Idle's Shell: prompts and indents (was ...) Idle users please read
rosuav at gmail.com
Mon Jul 21 02:55:02 CEST 2014
On Mon, Jul 21, 2014 at 7:52 AM, Terry Reedy <tjreedy at udel.edu> wrote:
> On 7/19/2014 9:31 PM, Rick Johnson wrote:
> The problem originates in differences between the console - interactive
> python interaction and Idle Shell - execution server interaction.
> Interactive python prints prompts to and reads lines from the console. Once
> the user submits a line by hitting return, it cannot be edited. (This is
> true on Widows. Could any linux and mac user confirm for their systems?)
If you mean that individual lines are separately edited, then yes,
that's the same on Linux.
> The Idle Shell is much more active than at least the Windows console, and it
> is statement rather than line oriented. This is the important point. The
> Shell '>>> ' prompt is prompting for a complete statement, not a single
> line. This difference of meaning should be documented if it is not now.
This is, in fact, Idle's greatest feature IMO. The ability to recall,
edit, and resubmit an entire function/class definition as a single
> The advantage of a single tab is that it is easy to turn it into 4 spaces
> either in a custom copy or after pasting.
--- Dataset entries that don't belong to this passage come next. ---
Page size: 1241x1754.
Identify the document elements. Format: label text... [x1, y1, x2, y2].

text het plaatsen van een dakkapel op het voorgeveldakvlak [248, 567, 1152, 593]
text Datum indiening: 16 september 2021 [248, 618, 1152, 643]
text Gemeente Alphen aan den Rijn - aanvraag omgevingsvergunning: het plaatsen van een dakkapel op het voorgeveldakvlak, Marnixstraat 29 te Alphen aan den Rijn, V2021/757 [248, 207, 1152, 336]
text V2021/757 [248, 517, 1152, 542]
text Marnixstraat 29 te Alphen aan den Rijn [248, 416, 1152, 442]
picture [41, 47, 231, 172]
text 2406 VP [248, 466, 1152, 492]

If you're weighing up those two options specifically, I would tip the
balance toward a custom copy. If you paste into some other
application, it would be more consistent to work with four spaces for
every indentation level, rather than having every line begin with a
tab and then some spaces.
> This idea, and your response, ignores the fact that Shell is *statement*
> oriented. Inserting a secondary prompts inside statement text would mean
> that they would have to first be protected from user editing and then
> deleted by Idle before the statement is sent to the Executive.
The secondary prompts are actually quite annoying in copy/paste.
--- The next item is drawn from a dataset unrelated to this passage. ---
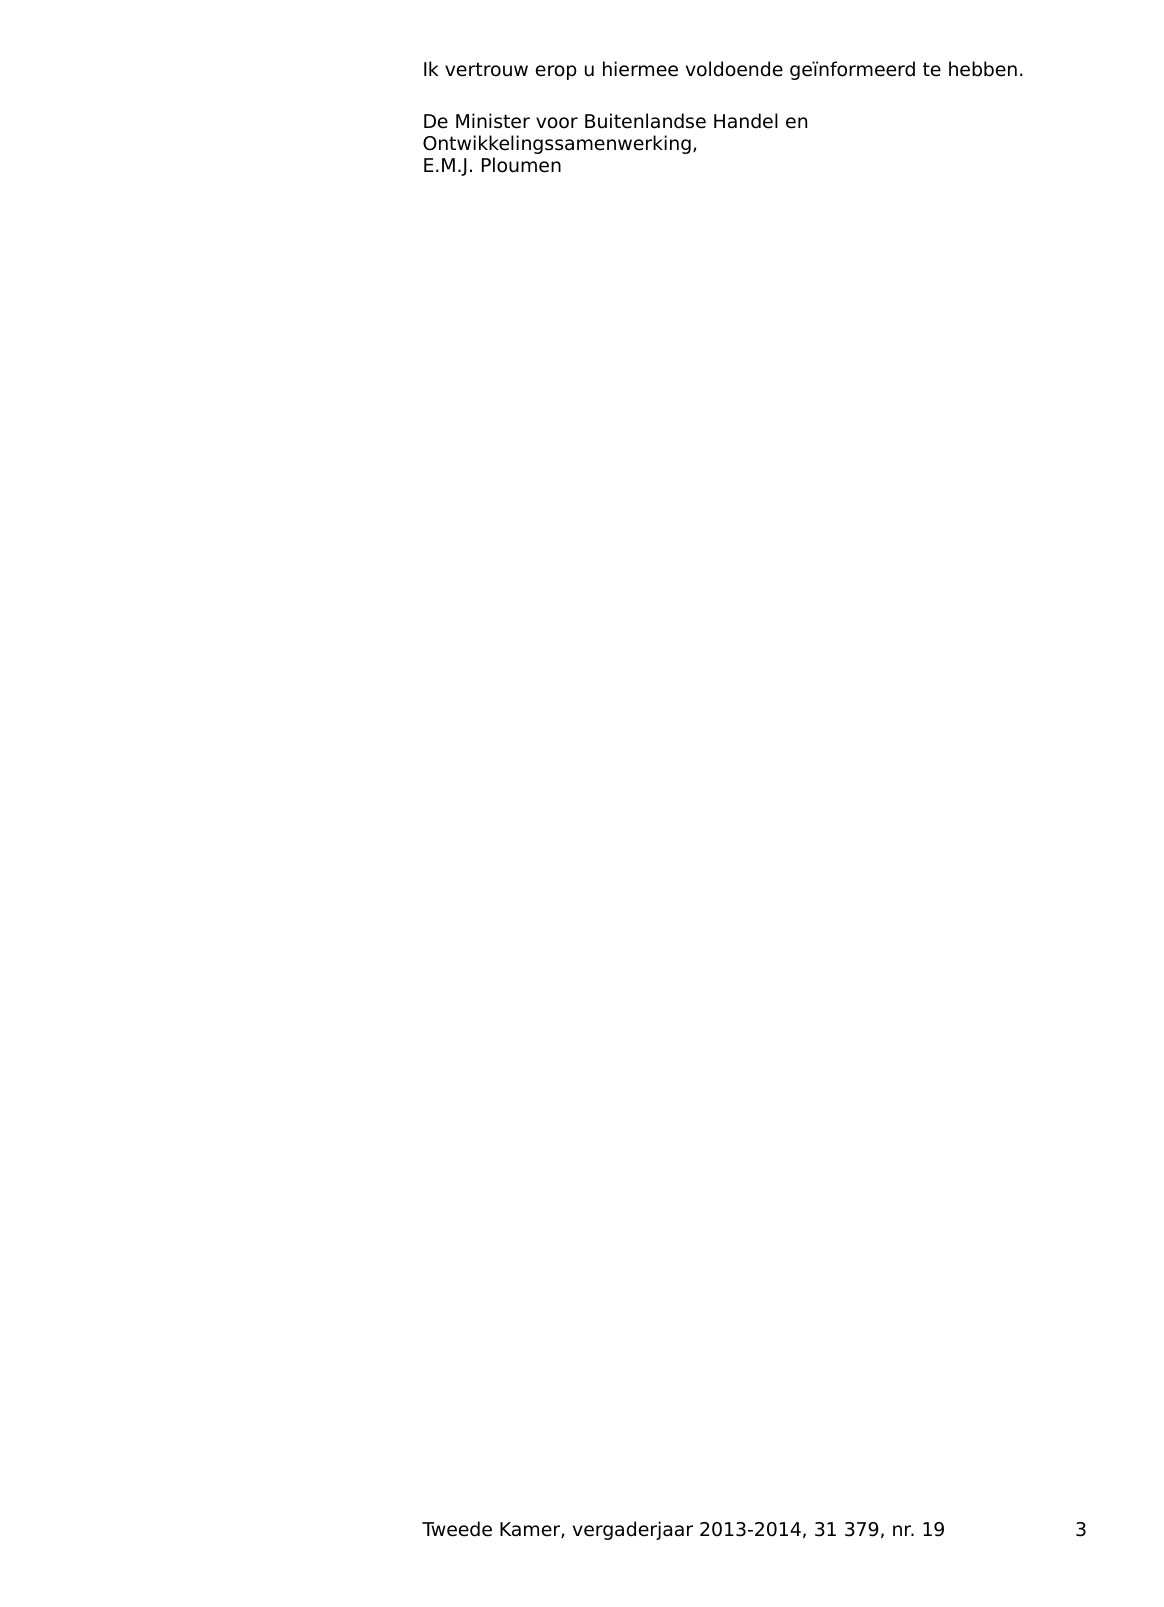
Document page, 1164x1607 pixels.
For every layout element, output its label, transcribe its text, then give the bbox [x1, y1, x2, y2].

Anything that suppresses them is a distinct advantage IMO.
> As I said on the tracker, I think that output that is no longer dedented
> with respect to input will then need some more to distinguish it. For my
> copy of Idle, I have added blue and red background tint to standard and
> error output and I think that works well.
I'd have to have a look and see how that feels before I can judge
properly, but the notion of output not being indented by a prompt is
one that's found on... well, pretty much everything. Most command-line
interfaces work that way. Good MUD clients work hard to make sure that
the user's input is correctly indented by the prompt, even if the two
are quite separate in chronology; if you use input("........") and
print(), you'll end up with the same kind of interface. Explaining the
difference in color will be different, so it'll have to work extra
well to make up for that. Also, you can copy and paste into an email,
which will lose color. Count me dubious but reserving judgment.
>> RESPONSE_2: You fool! That would require *ACTUAL* skills
>> that we *DON'T* have. Only rr knows how to "lock" the
>> scrolling events of two Tkinter widgets,
> Saimadhav has locked together a thin canvas with the text for line numbers.
> It works in all my texts. I am just waiting for him to try it with a thin
> text instead.
> If you know some secret you think he missed. please describe it here.
Huh, is combined scrolling really such an amazing thing? Only one
person in the whole world knows how to do it? So.... like this:
Considering that some GUI toolkits have that functionality as a core
feature (GTK scrolling is a bit more complex to support this exact
concept), I would be very much surprised if exactly one person knows
how to do it in Tk.
> Idea 4 (which I already suggested on the tracker). Put statement input
> prompts and output separators on lines by themselves. As with 3. above, use
> standard 4 space indents, as with
> def f(x):
> if x:
> print('got it')
> return 'something'
> got it
> Idle users other than Rick, any comments on the possible improvements?
I can't comment on how it interacts with the editor half of Idle, but
for the shell as a stand-alone app, and for copying and pasting into
other programs, this last idea is rather interesting. I'm broadly
happy with the current system (>>> def f(x):), and the prompt is a
little weird (">>>:"? but maybe "Python:" would be less weird; I don't
advise "Idle:" as it implies that something is idle that might be
busy), but this would make copy/paste that bit easier. It would tend
to de-emphasize the difference between input and output, though, which
may or may not be an issue. But definitely interesting.